Como creo que en los hilos anteriores sobre pinos hay confusión sobre las distintas especies, comienzo este hilo para que podais distinguir esta especie. No os marearé con datos técnicos (muy faciles de mirar en libros o en la red), pero sí pondré las características determinantes de la especie.
Tiene las acículas más pequeñas de los pinos españoles junto con el Pinus uncinata (con presencia autóctona únicamente en Pirineos, Soria y Teruel), 2-6 cm, y las piñas también (4-6 cm) (el Pinus nigra puede tenerlas pequeñas pero suelen ser más grandes), pero las del uncinata las escamas de la piña en uno de los lados tienen forma de gancho. 
La parte alta del tronco es de color salmón, y se desprenden escamas de el.
Las hojas son claras, al contrario que el uncinata (de nombre común pino negro)
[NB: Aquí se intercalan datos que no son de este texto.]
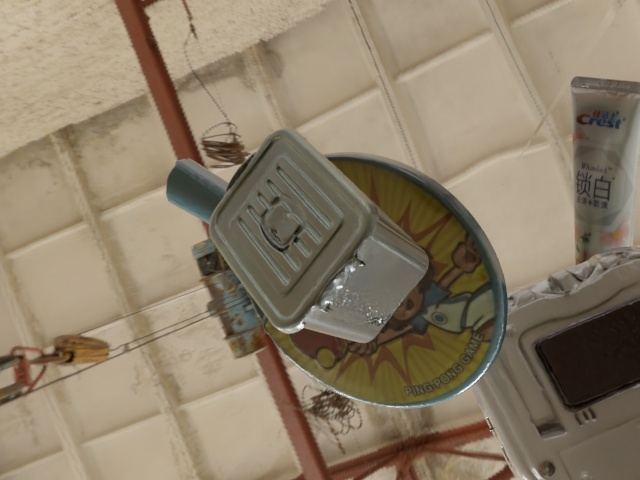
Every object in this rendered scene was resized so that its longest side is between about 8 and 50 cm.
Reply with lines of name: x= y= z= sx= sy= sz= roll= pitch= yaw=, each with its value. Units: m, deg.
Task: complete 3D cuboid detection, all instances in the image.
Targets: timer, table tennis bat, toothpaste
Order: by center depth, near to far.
table tennis bat: x=0.002 y=0.016 z=0.689 sx=0.329 sy=0.044 sz=0.215 roll=28 pitch=-62 yaw=20
timer: x=0.288 y=0.134 z=0.805 sx=0.262 sy=0.087 sz=0.237 roll=-22 pitch=-112 yaw=-5
toothpaste: x=0.337 y=-0.031 z=0.963 sx=0.066 sy=0.100 sz=0.323 roll=-18 pitch=-67 yaw=-29

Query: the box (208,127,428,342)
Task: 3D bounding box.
box: x=0.000 y=0.000 z=0.465 sx=0.084 sy=0.069 sz=0.122 roll=-53 pitch=-136 yaw=12

Si alguien tiene interés por otro tipo de árbol, que me lo diga, y si puedo le ayudo. Un abrazo, Elias

----------


## eldelassetas

Perdón, tanto las fotos como el texto son mios.

----------


## NoRegistrado

Elías. ¿Este tipo de pino es el que hay habitualmente por Soria, en la zona de Vinuesa por ejemplo?
 ¿En el tronco, lo que se le desescama es como un papel grueso?

Muchas gracias.

Saludos. Miguel.

----------


## Luján

Tenía entendido que el pino negro era el _Pinus nigra_, y no _P. uncinata_, y se encontraba muy extendido por levante.

----------


## eldelassetas

Miguel, es el pino de esa zona y las escamas se ven perfectamente por el suelo.
Luján, el nombre común depende de la zona, pero el más normal del Pinus nigra el el pino laricio, otros más o menos comunes son negral, salgareño, etc. En cuanto a su distribución, creo que te refieres al Pinus halepensis (pino carrasco) muy común en todo el Mediterraneo, el laricio es de esa zona pero de montaña, Prepirineo, Costero catalana, Maestrazgo, Sur de la Ibérica, Cazorla, etc.
Un saludo, Elias

----------